Non è che l’inizio. Lo scandalo Volkswagen, scoppiato negli Usa, ha attraversato l’Atlantico: ora promette di durare a lungo, e di allargarsi sempre più. Le autovetture «truccate», come prevedibile, non sono solo sul mercato americano, ma in tutto il mondo. E il loro numero è gigantesco: 11 milioni. Tutte con motore diesel (teoricamente «pulito») sui quali l’azienda tedesca ha montato un software in grado di falsificare i dati sulle emissioni, facendole risultare conformi alle leggi anti-inquinamento soltanto durante i controlli: in realtà, sono superiori ai limiti consentiti (fino a 40 volte se ci si riferisce alle regole Usa).

Per ritirare dal mercato i veicoli incriminati, e possibilmente rimetterli a norma, l’impresa ha accantonato ieri 6,5 miliardi di euro, una cifra pari alla metà dei profitti dello scorso anno, che fu particolarmente positivo. È molto probabile, tuttavia, che lo scandalo sia destinato a costare molto più caro alla casa di Wolfsburg: oltre alla quasi sicura multa che commineranno le autorità Usa, che potrebbe ammontare a 18 milioni di dollari, vanno messe nel conto un’infinità di cause di risarcimento, da parte di singoli cittadini – per esempio chi soffre di asma – o di amministrazioni pubbliche, tedesche e non solo. Senza dimenticare le drammatiche perdite sui mercati azionari: alla borsa di Francoforte il titolo Volkswagen ieri è caduto del 19,8%, facendo scendere l’indice Dax del 3,6%. Da lunedì l’azienda ha visto sfumare il 34% del proprio valore borsistico: un incubo. E la settimana è ancora lunga.

Sul fronte politico, dopo giorni di letargo qualcosa si muove. La cancelliera Angela Merkel, durante la conferenza stampa dedicata alla visita a Berlino del premier finlandese, ha assicurato che il suo governo si sta dando da fare «per la trasparenza», citando i provvedimenti assunti dal ministro dei trasporti Alexander Dobrindt (della bavarese Csu). Il principale: l’invio di una commissione d’inchiesta nella sede centrale dell’azienda, a Wolfsburg. Non proprio una reazione energica, va detto. Segno, forse, di imbarazzo e persino di preoccupazione: in Germania c’è chi pensa, ad esempio gli ambientalisti, che il governo sapesse dei trucchi della Volkswagen, ma non abbia mosso un dito. Un’ipotesi rilanciata ieri pomeriggio dal sito del quotidiano conservatore Die Welt, di proprietà dello stesso gruppo editoriale della scandalistica Bild.

L’esecutivo è rimasto in silenzio, finora, sulle possibili responsabilità del numero uno dell’azienda, il potente e ricchissimo Martin Winterkorn, che ieri ha diffuso un videomessaggio di scuse «a clienti e opinione pubblica», nel quale afferma di voler restare al proprio posto.

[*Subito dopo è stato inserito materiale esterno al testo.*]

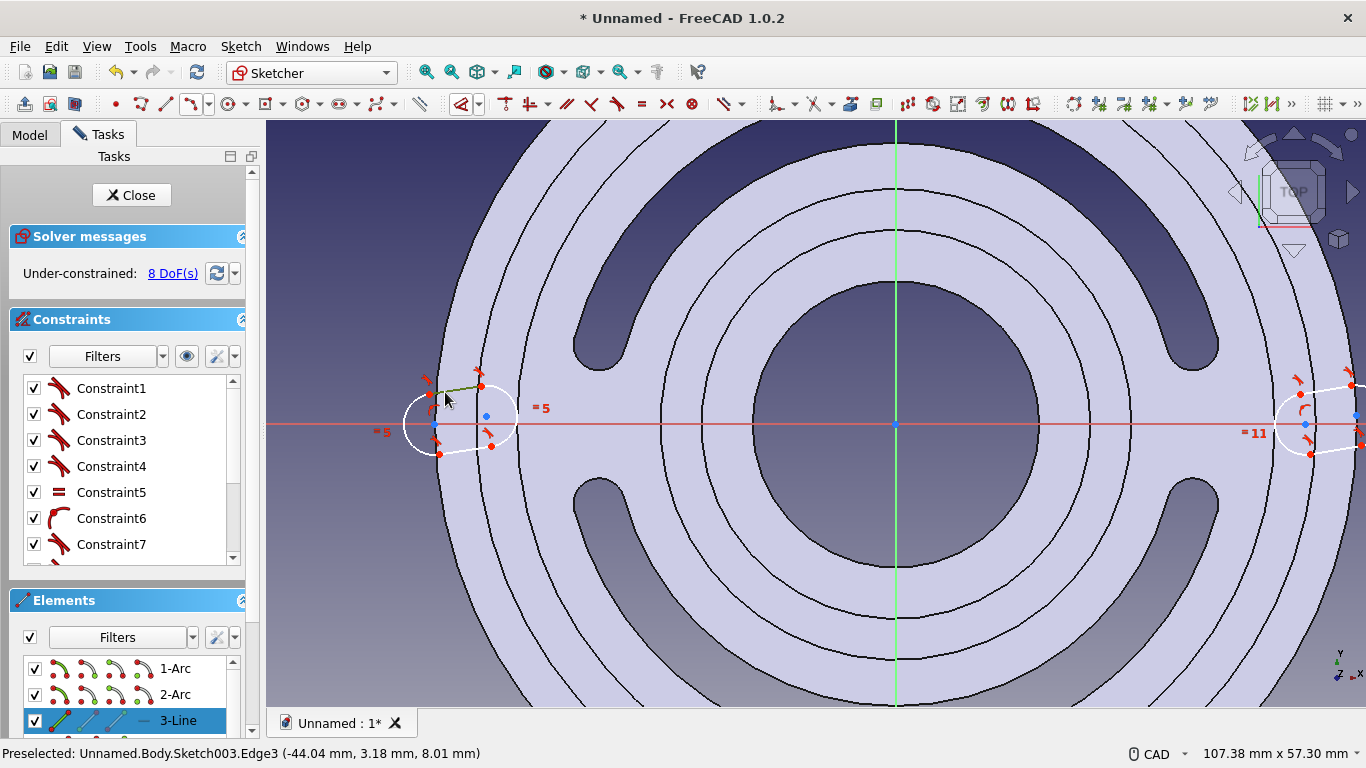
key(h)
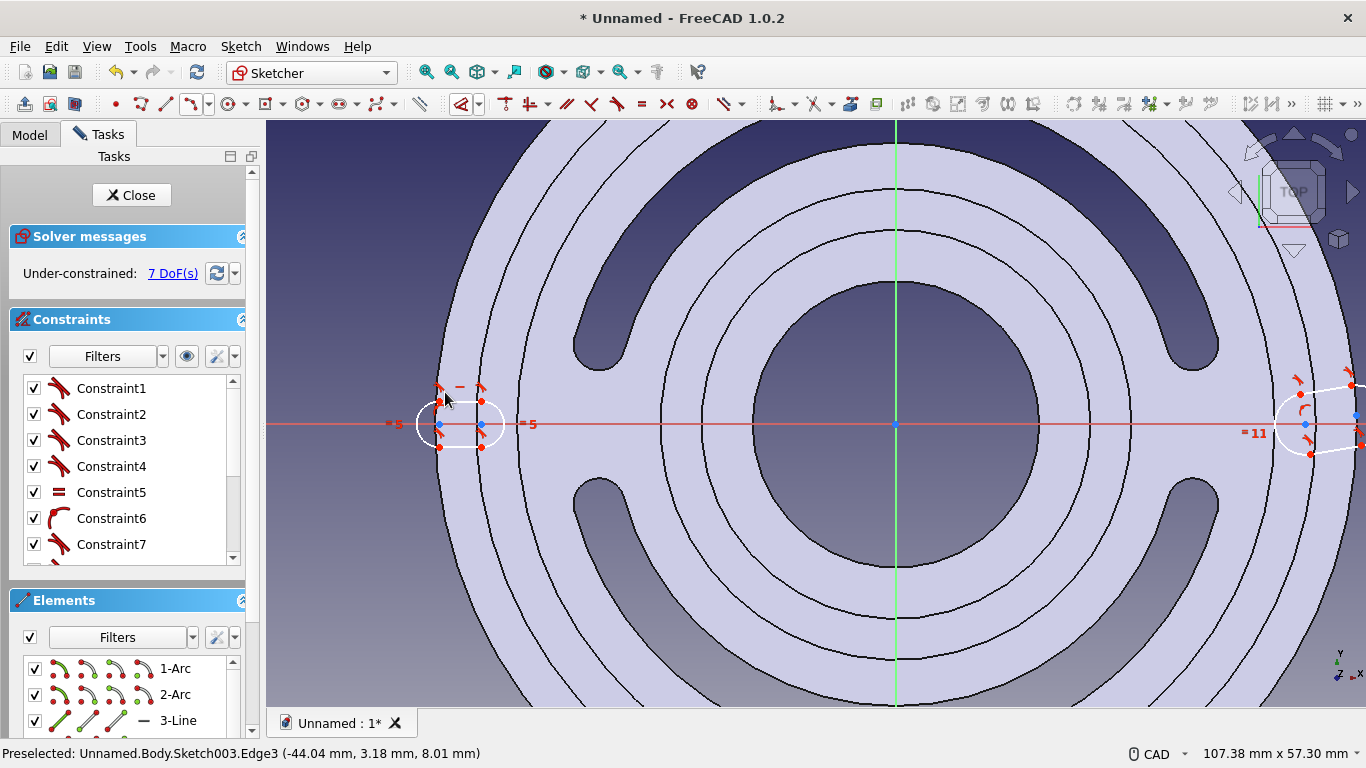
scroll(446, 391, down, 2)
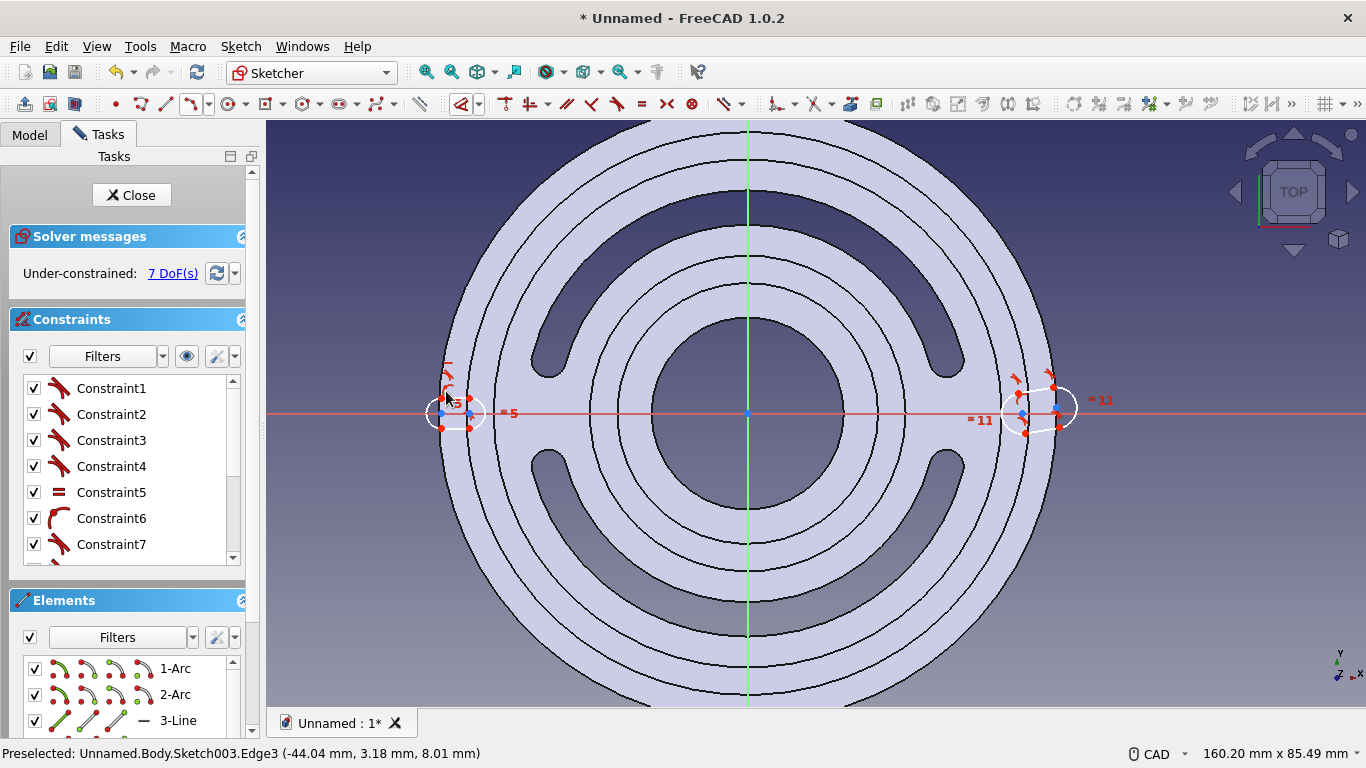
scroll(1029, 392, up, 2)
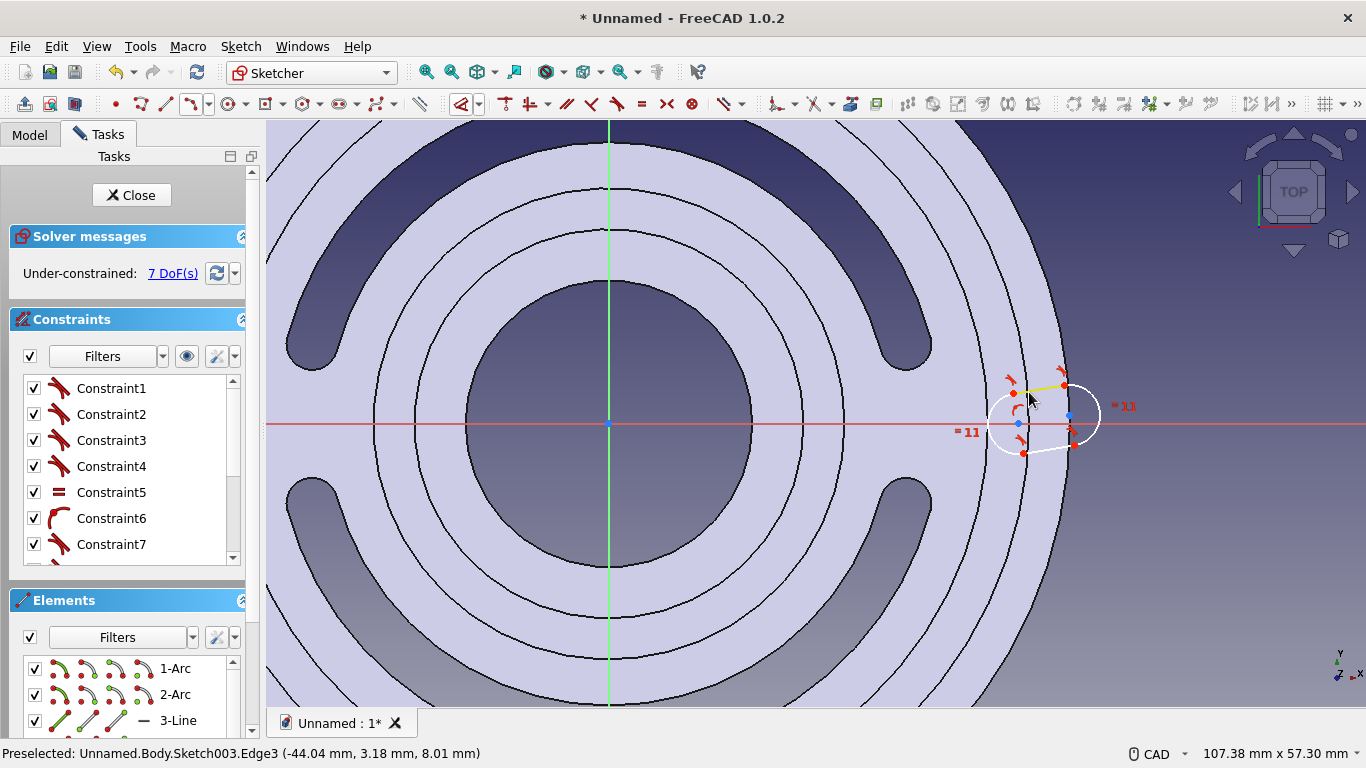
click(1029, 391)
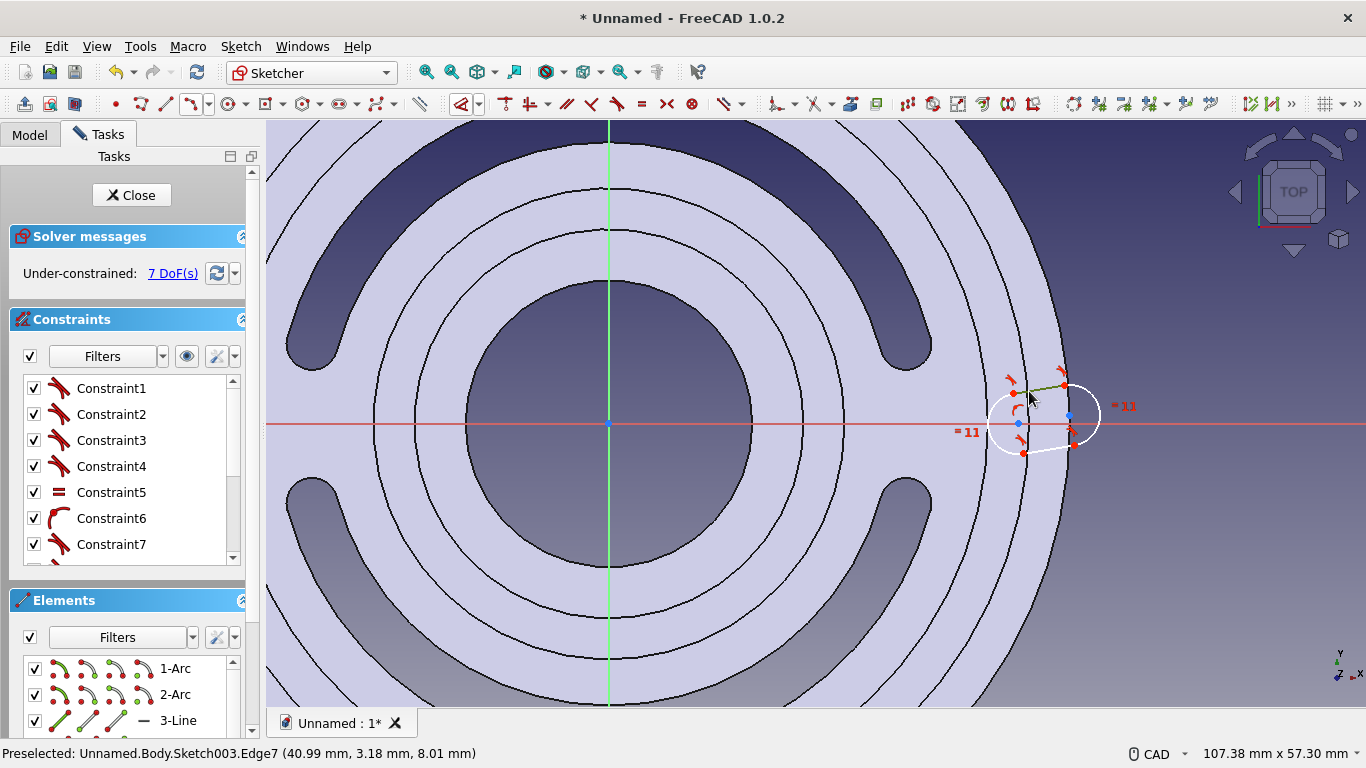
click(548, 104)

Un’ipotesi che appare sgradita ai vertici della Bassa Sassonia, il Land che detiene il 20% della proprietà della casa automobilistica: il governatore socialdemocratico Stephan Weil si è mostrato molto più critico del governo federale nei confronti di Winterkorn, facendo capire di aspettarsi le sue dimissioni. La prima occasione in cui presentarle potrebbe essere oggi alla riunione straordinaria della presidenza del Consiglio di sorveglianza (Aufsichtsrat) dell’azienda, organismo nel quale siedono sia il governatore della Bassa Sassonia, sia i rappresentanti sindacali, che pare non intendano proteggere l’amministratore delegato. Dimissioni che si profilano all’orizzonte come una scelta obbligata: sui media tedeschi circolano già i nomi dei possibili sostituti, segnale non incoraggiante per il destino di Winterkorn.

A rendere ancora più difficile la permanenza dell’attuale numero uno alla guida della principale casa automobilistica tedesca – nei primi 6 mesi di quest’anno leader di vendite a livello mondiale, davanti alla Toyota – ci sono anche le reazioni politiche in Europa. Ieri si sono fatti sentire la ministra dell’ambiente francese, Ségolène Royale, che ha annunciato «un’inchiesta approfondita» nel suo Paese, e il collega delle finanze Michel Sapin, che ritiene necessaria invece «un’inchiesta europea». Il ministro dell’ambiente Gian Luca Galletti ha ipotizzato uno stop alle vendite in Italia, se si dovesse scoprire che anche nel nostro Paese sono state messe in commercio vetture manipolate. Da Bruxelles giungono per ora dichiarazioni misurate: «È prematuro dire se serviranno misure a livello comunitario, ma stiamo esaminando la questione molto sul serio», ha affermato ieri la portavoce della Commissione Ue per l’industria Lucia Caudet.